1-[(2-chloro-4-nitrophenyl)azo]-2-naphthol

Administrative data

Endpoint:

in vitro cytogenicity / chromosome aberration study in mammalian cells

Remarks:

Type of genotoxicity: chromosome aberration

Type of information:

experimental study

Adequacy of study:

key study

Study period:

2013

Reliability:

1 (reliable without restriction)

Data source

Materials and methods

GLP compliance:

yes (incl. QA statement)

Type of assay:

in vitro mammalian chromosome aberration test

Test material

Results and discussion

Applicant's summary and conclusion

Conclusions:

Interpretation of results (migrated information):
negative

C.I. Pigment Red 4 is considered to be non-clastogenic to human lymphocytes in vitro.

Executive summary:

Introduction.

This report describes the results of an in vitro study for the detection of structural chromosomal aberrations in cultured mammalian cells. It supplements microbial systems insofar as it identifies potential mutagens that produce chromosomal aberrations rather than gene mutations (Scott et al, 1990).
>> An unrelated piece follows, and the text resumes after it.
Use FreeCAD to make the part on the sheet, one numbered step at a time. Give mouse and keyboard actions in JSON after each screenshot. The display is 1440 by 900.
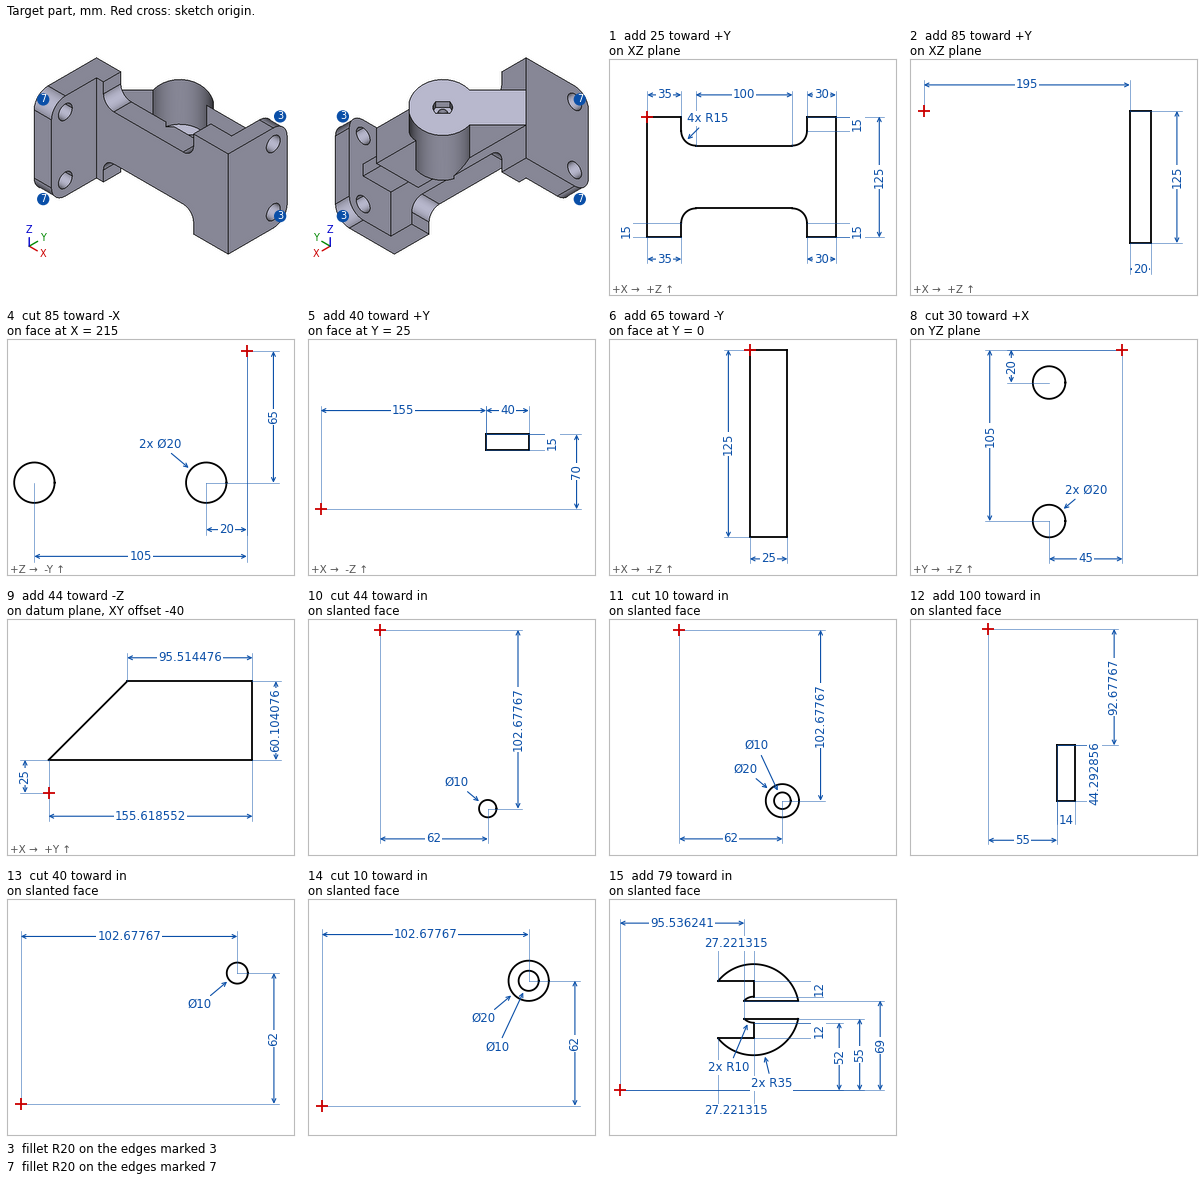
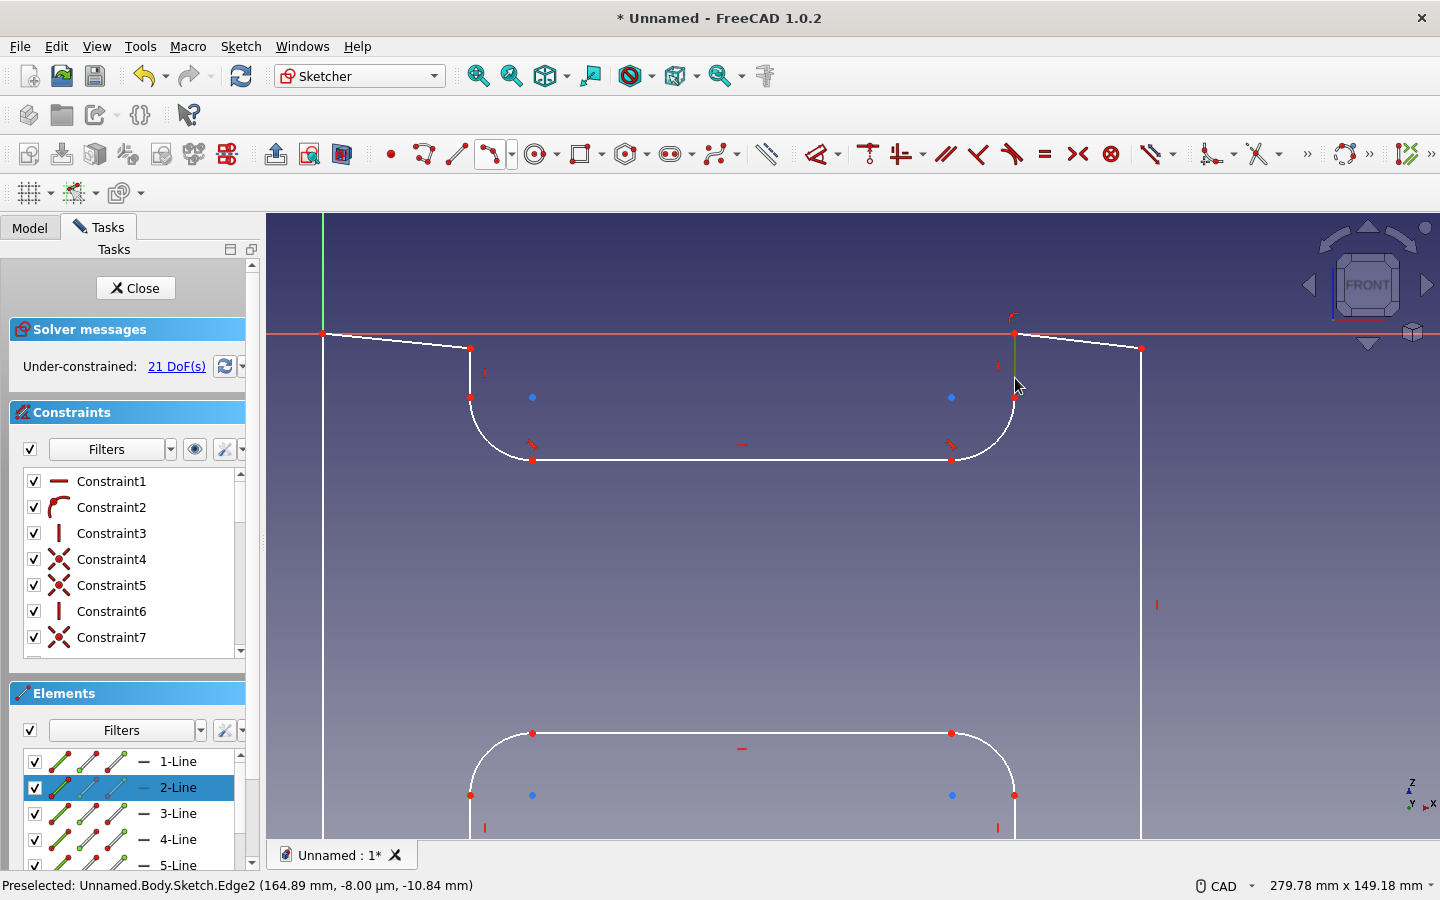
{"action": "left_click", "coordinate": [980, 453]}

The method used was designed to be compatible with that described in the OECD Guidelines for Testing of Chemicals (1997) No. 473 "Genetic Toxicology: Chromosome Aberration Test", Method B10 of Commission Regulation (EC) No. 44012008 of 30 May 2008 and the USA EPA OPPTS guideline 40 CFR 799.9537. The study design also meets the requirements of the UK Department of Health Guidelines for Testing of Chemicals for Mutagenicity.

Methods.

Duplicate cultures of human lymphocytes, treated with the test item, were evaluated for chromosome aberrations at up to four dose levels, together with vehicle and positive controls. Four treatment conditions were used for the study; i.e. In Experiment 1, 4 hours in the presence of an induced rat liver homogenate metabolising system (S9), at a 2% final concentration with cell harvest after a 20-hour expression period and a 4 hours exposure in the absence of metabolic activation (S9) with a 20-hour expression period. In Experiment 2, the 4 hours exposure with addition of S9 was repeated (using a 1% final S9 concentration), whilst in the absence of metabolic activation the exposure time was increased to 24 hours.
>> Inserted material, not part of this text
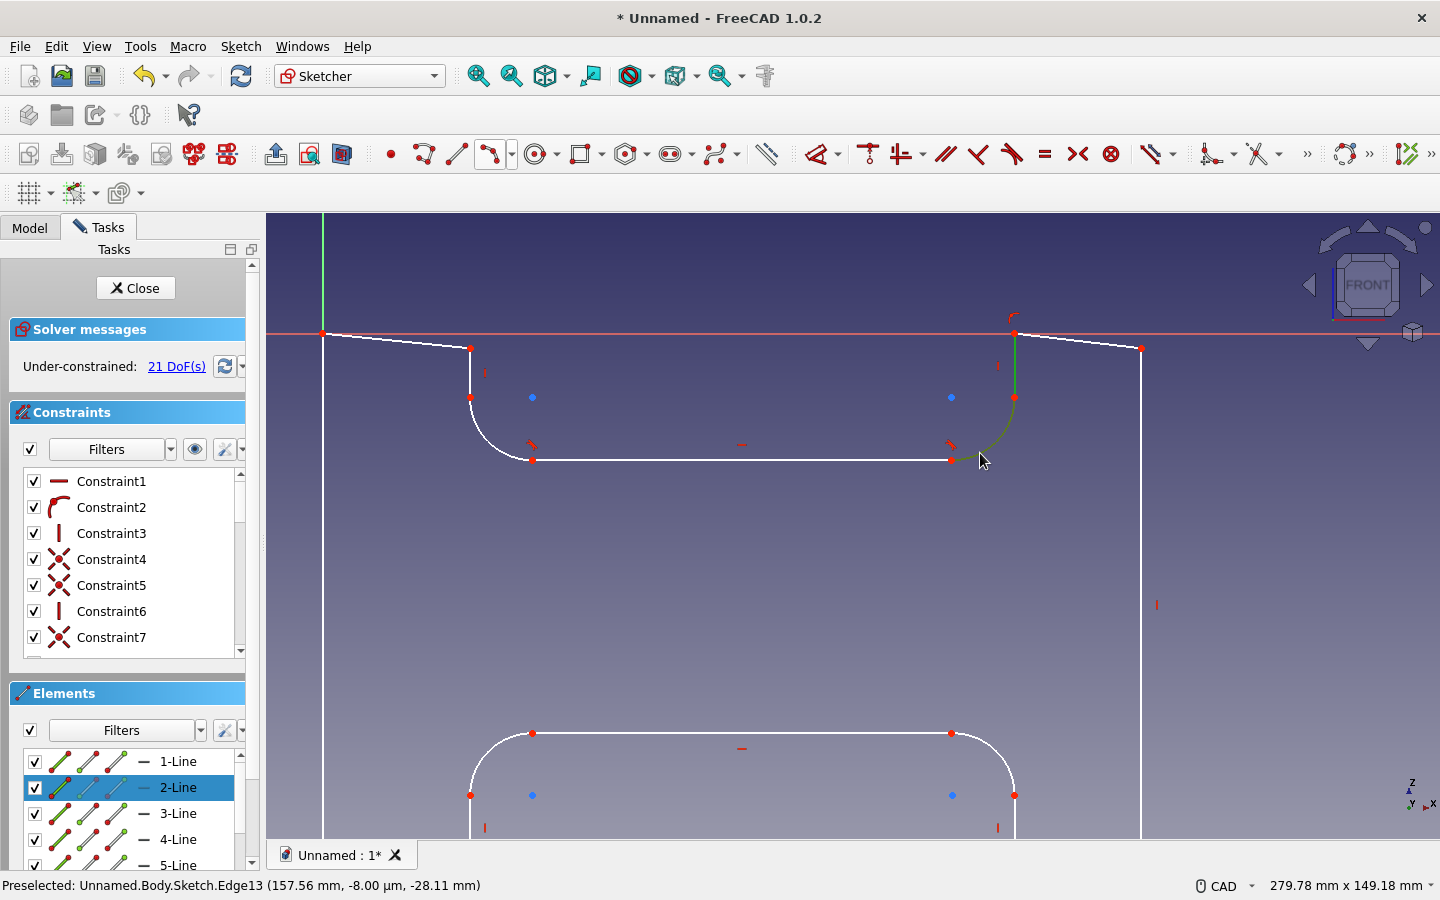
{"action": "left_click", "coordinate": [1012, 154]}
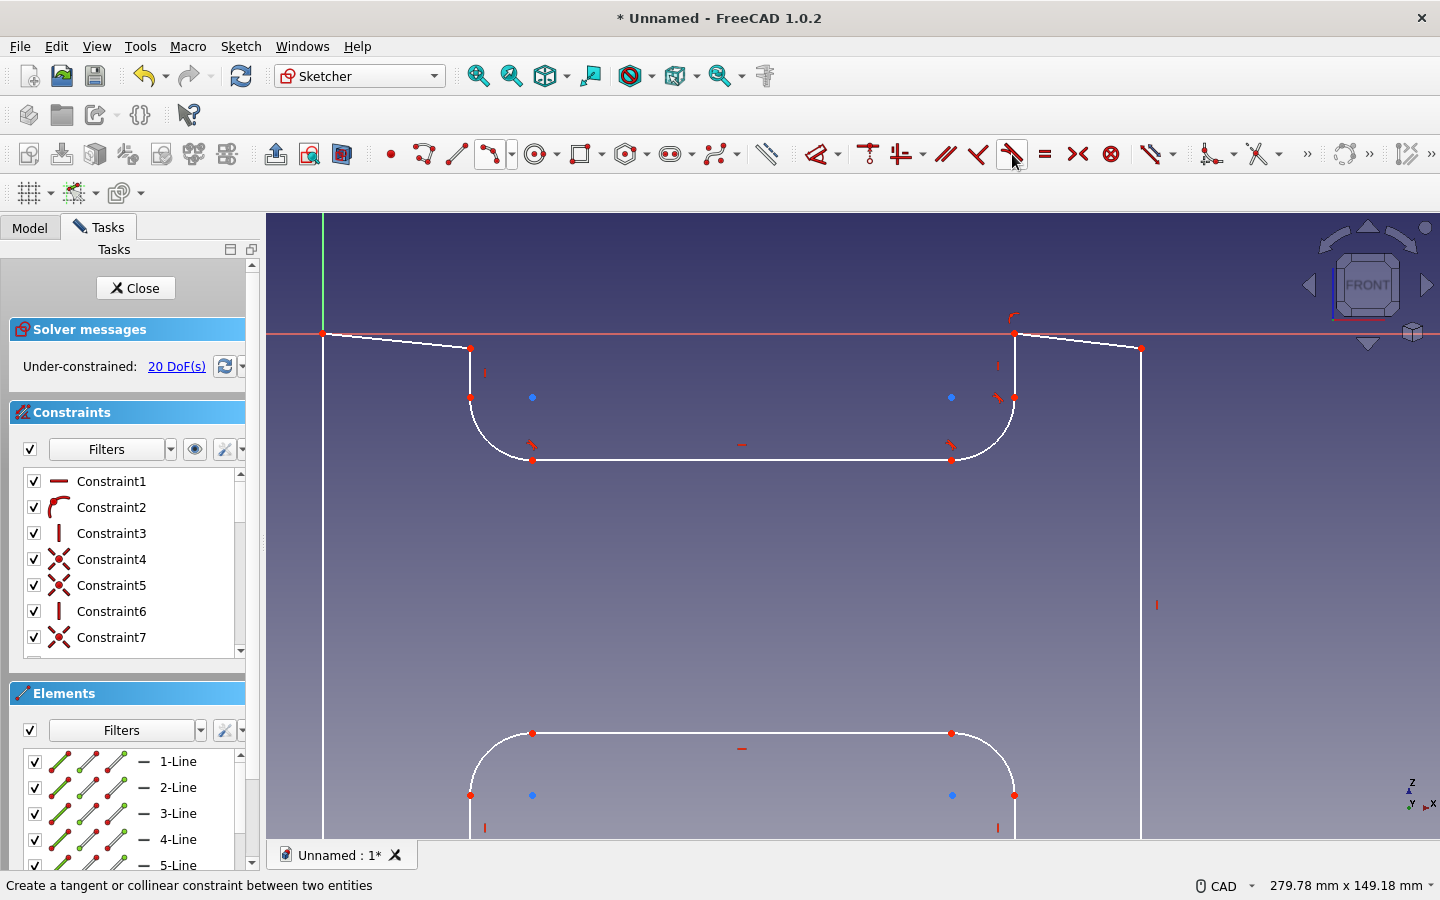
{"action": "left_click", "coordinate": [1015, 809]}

The dose levels used in the main experiments were selected using data from the preliminary toxicity test and were as follows:

Test item (ug/ml) 25, 50, 100, 200, 400, 800

Results.

All vehicle (solvent) controls had frequencies of cells with aberrations within the range expected for normal human lymphocytes. All the positive control items induced statistically significant increases in the frequency of cells with aberrations indicating the satisfactory performance of the test and of the activity of the metabolising system. The test item did not induce any statistically significant increases in the frequency of cells with aberrations, in either the absence or presence of a liver enzyme metabolising system in either of two separate experiments. The maximum dose tested was limited by formulation difficulties and was also limited by precipitate of the test item occurring on the slides at the maximum dose and restricting the ability to accurately Score metaphases.

Conclusion.

The test item was considered to be non-clastogenic to human lymphocytes in vitro.